New forms of agriculture adapted to urban and semi-urban conditions are getting more and more attention (Jarosz, 2008). Urban and peri-urban agriculture, as (geographically) opposed to large-scale, intense, and traditional “rural” agriculture, is an example of modern agriculture (Tacoli, 1998b, 2003). It is a reply to a growing demand for short food chains, organic farming and high quality agricultural goods supply. Because of phenomena like sprawl, agricultural land in the vicinity of the urban fringes or in semi-urban areas is highly fragmented with, relative to traditional farms, small plot sizes and a small production in absolute figures. These farms, however, form an ideal multifunctional land use, not only for food production (be it smaller and less economically efficient in some cases), but for production of specific regional products, organic farming, agri- and eco-tourism (Beauchesne and Bryant, 1999; Bryant, 1995; Countryside Agency Research Programme, 2002*).

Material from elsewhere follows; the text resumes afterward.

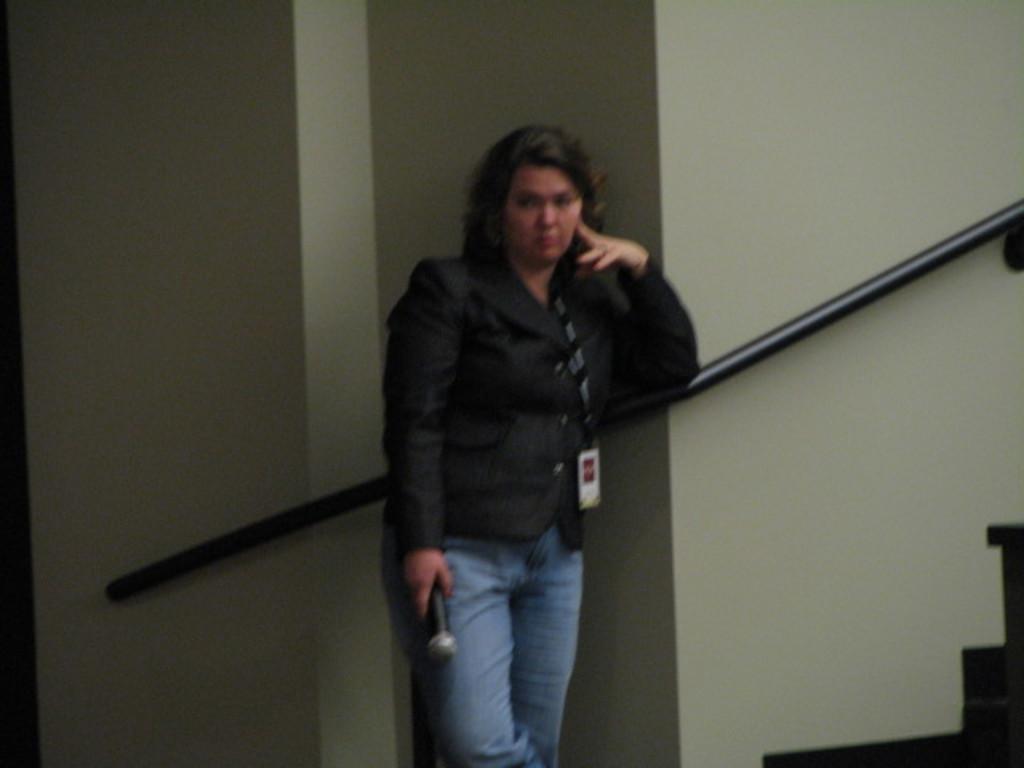Can you describe this image briefly? In the image we can see there is a woman standing and holding mic in her hand. She is wearing id card in her neck and she is standing near the stairs. There is an iron rod attached to the wall. 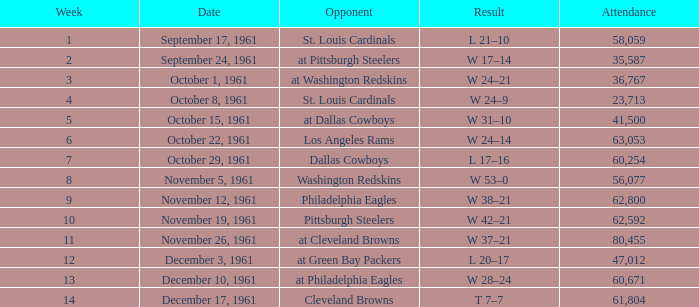What was the result on october 8, 1961? W 24–9.

The core of the concept of neo-rurality is to consider values, services, and functions linked to the unsealed soil beyond being a mere component of an urban or rural environment, and which are being managed and sustained by specific compartments of society. Distance to urban components is not a criterion. The concept is useful but not exclusive to semi-urban areas (Gulinck, 2004*). Land-bound urban agriculture is an example of a neo-rural function, as is the acknowledgement of unsealed soil for water retention or microclimate regulation.
Smart growth is a recent planning concept now becoming popular in the United States as a framework to dam sprawl and work on sustainable city development. Although it is based on urbanistic principles and so primarily focused on the human-dominated environment, it incorporates elements from various other planning frameworks for sustainable (urban) development such as anti-sprawl measures, greenbelts, rural development near urban fringes and multifunctional land use (Burchell et al., 2000; Daniels and Lapping, 2005*; Danielsen et al., 1999; Duany and Talen, 2002; Irwin and Bockstael, 2004; Walmsley, 2006).